Real vulnerability is irregular. It has loose ends. The resolution hasn’t arrived yet, or the resolution was unsatisfying, and the creator is still living with that. The story trails off into uncertainty. The creator says something and then takes it back, and then half-says it again. It makes the viewer slightly uncomfortable because it doesn’t perform the function of making the viewer feel better — it performs the function of being honest.
The GRWM videos that achieve genuine cultural reach are almost never the ones where the creator has it together. They are the ones where the creator visibly does not — but shows up anyway, puts on their face anyway, and tells the truth about what is happening to them while doing it. That combination of mundane persistence and honest disclosure is not a content strategy. It is a character quality. The creators who have it naturally cannot fake their way out of it even when they try. The creators who don’t have it cannot acquire it by watching enough how-to videos.
There is one practical question that clarifies everything: before you film, are you asking “is this relatable?” or are you asking “is this true?” The relatable things are almost always too general to be trusted. The true things are almost always specific enough to resonate. Get in the habit of asking the second question, and the first one largely takes care of itself.
What Brands Are Actually Paying For (And What Most Creators Don’t Know They’re Being Evaluated On)
At Searchlight Social, we sit between creators and brands in every deal we negotiate. This position gives us visibility that neither side has fully on its own — the actual criteria that determine whether a GRWM creator commands a significant fee or a modest one, and whether a brand partnership converts or doesn’t.
It is not follower count. It is not even an engagement rate in the standard sense.

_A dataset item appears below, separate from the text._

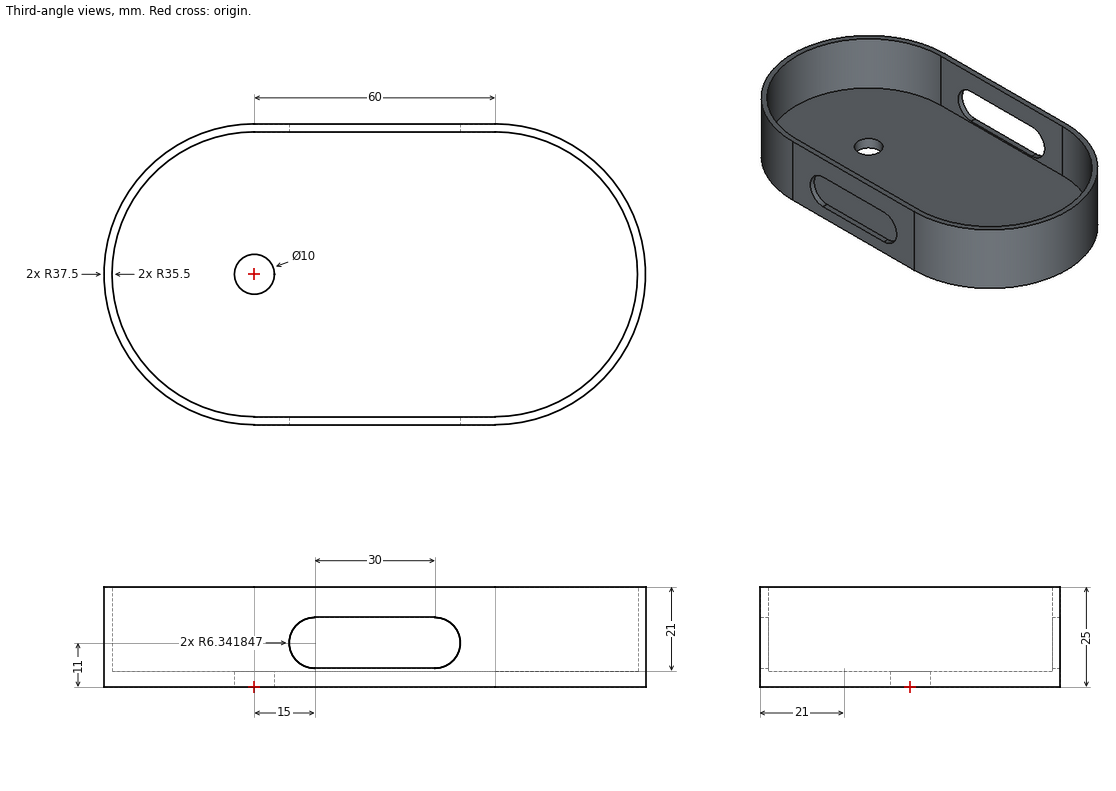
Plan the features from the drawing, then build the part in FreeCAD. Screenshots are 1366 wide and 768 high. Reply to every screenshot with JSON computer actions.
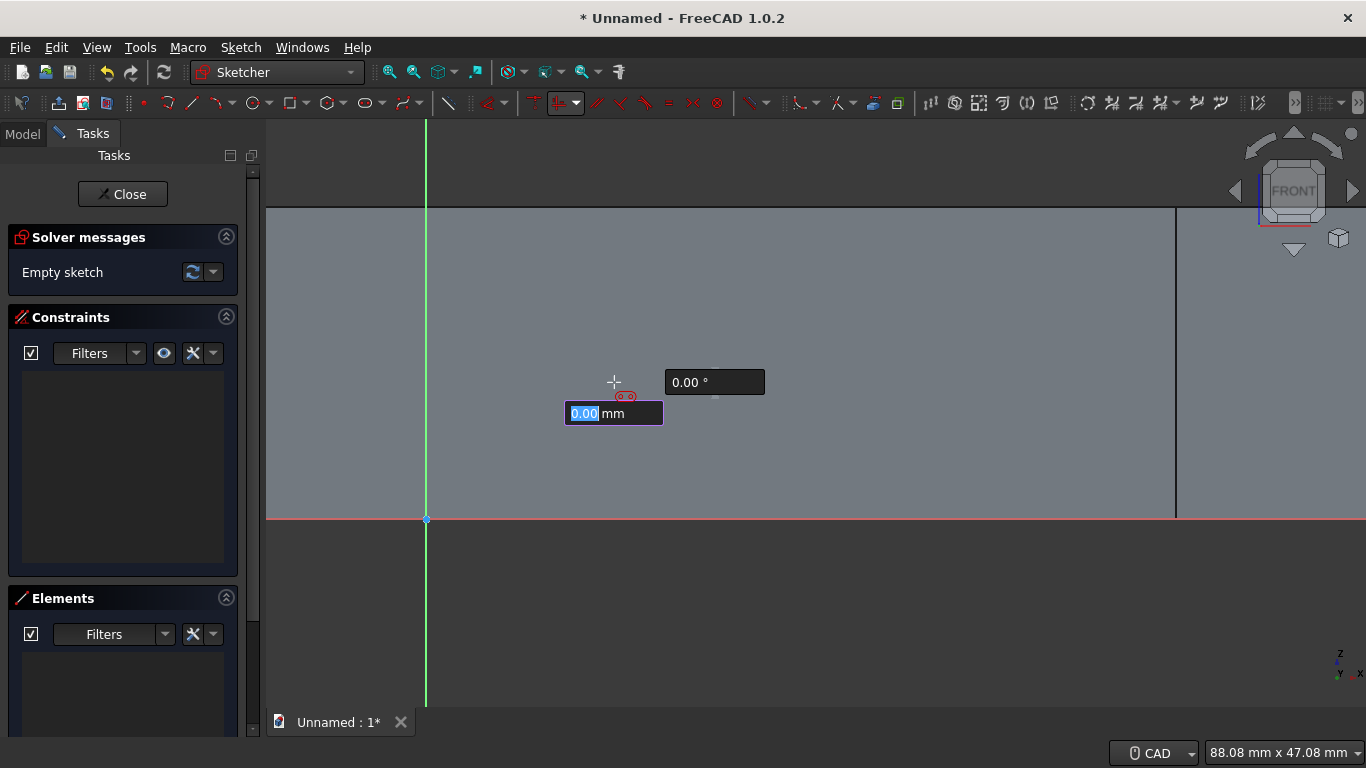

Those numbers are proxies that the industry uses because they are legible in a spreadsheet, not because they are actually predictive of what brands need.
What sophisticated brands are evaluating — and increasingly measuring — is something we call integration naturality: the degree to which a product appears as a genuine part of the creator’s world rather than an interruption to it. A creator who mentions a cleanser the way they mention everything else they use in passing, with the same register as any other observation, is worth considerably more than a creator with twice the following who pivots to hold a product to the camera, deliver its three key benefits, and return to the story. The audience can feel the seam in the second version. They have been trained, over years of consumption, to feel it. And what they do when they feel it is filter the mention out entirely.
The metric that the most sophisticated brand teams in our network are tracking is comment sentiment around the product moment, specifically, isolated from the video overall.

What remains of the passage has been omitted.